The FAIR principles provide excellent handles for data management planning:

To ensure Findability,

  • select a data repository at an early stage and check out its data format and metadata requirements;
  • make sure the data can get a persistent identifier so that it can be cited;
  • maybe select a catalogue to make your data more findable, especially if the repository is more generic in nature.

To ensure Accessibility,

  • guarantee longevity of the data (e.g., by submitting it to a repository that has a certification like the Data Seal of Approval or an ISO certification);
  • check and describe the legal conditions under which the data can be made available (this is generally easier to do before you have collected and interpreted the data);
  • establish an embargo period if necessary;
  • make sure your ICT infrastructure will keep the data available even in case of equipment failure or human error.

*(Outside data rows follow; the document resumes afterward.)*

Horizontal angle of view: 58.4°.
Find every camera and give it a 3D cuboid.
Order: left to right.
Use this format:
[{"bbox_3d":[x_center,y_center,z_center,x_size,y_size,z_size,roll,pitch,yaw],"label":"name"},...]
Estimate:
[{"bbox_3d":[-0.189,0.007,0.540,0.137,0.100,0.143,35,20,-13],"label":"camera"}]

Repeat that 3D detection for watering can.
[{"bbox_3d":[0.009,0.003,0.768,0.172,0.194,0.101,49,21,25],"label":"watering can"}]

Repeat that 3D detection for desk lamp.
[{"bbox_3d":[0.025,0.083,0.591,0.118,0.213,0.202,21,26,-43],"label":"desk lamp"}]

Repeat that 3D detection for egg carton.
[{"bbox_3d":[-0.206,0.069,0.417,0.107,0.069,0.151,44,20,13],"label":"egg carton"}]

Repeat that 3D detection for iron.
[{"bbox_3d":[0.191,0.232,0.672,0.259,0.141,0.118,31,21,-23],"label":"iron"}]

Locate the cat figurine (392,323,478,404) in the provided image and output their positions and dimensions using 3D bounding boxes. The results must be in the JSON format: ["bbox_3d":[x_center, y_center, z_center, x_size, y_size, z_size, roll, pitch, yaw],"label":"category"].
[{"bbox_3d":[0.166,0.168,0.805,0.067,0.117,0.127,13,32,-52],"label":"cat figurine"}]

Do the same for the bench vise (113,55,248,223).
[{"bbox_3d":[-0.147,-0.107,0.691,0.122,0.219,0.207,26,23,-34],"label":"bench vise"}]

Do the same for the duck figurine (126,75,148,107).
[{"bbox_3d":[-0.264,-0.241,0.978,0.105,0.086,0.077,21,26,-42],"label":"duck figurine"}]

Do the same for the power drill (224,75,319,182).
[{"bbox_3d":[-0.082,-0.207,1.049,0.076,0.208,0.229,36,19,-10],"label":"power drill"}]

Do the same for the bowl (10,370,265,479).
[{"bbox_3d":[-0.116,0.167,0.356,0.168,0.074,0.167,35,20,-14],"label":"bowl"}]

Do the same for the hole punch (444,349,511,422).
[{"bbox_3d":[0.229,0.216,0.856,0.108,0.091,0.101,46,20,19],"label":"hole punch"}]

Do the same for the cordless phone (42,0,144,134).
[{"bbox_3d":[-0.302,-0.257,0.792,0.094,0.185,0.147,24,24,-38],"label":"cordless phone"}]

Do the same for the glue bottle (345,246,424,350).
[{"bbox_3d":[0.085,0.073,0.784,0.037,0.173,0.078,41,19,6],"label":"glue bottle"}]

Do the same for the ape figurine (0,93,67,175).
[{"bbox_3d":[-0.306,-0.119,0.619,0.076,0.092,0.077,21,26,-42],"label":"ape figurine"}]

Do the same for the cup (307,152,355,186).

To ensure Interoperability,

  • select commonly used data formats;
  • select commonly used vocabularies for data items.

To ensure Reusability,

  • make sure you keep proper provenance information (i.e., details about how and where the data was generated, including machine settings, and details about all processing steps, such as the software tools with their versions and parameters);
  • select the right minimal metadata standard and collect the necessary metadata (many minimal metadata standards are included in ELIXIR’s biosharing.org repository);
  • select a license for the data (preferably an open license) and the associated software tools;
  • make sure the important conclusions of your study will not only be available in a paper in narrated form, but also in a digital file (e.g., a nanopublication).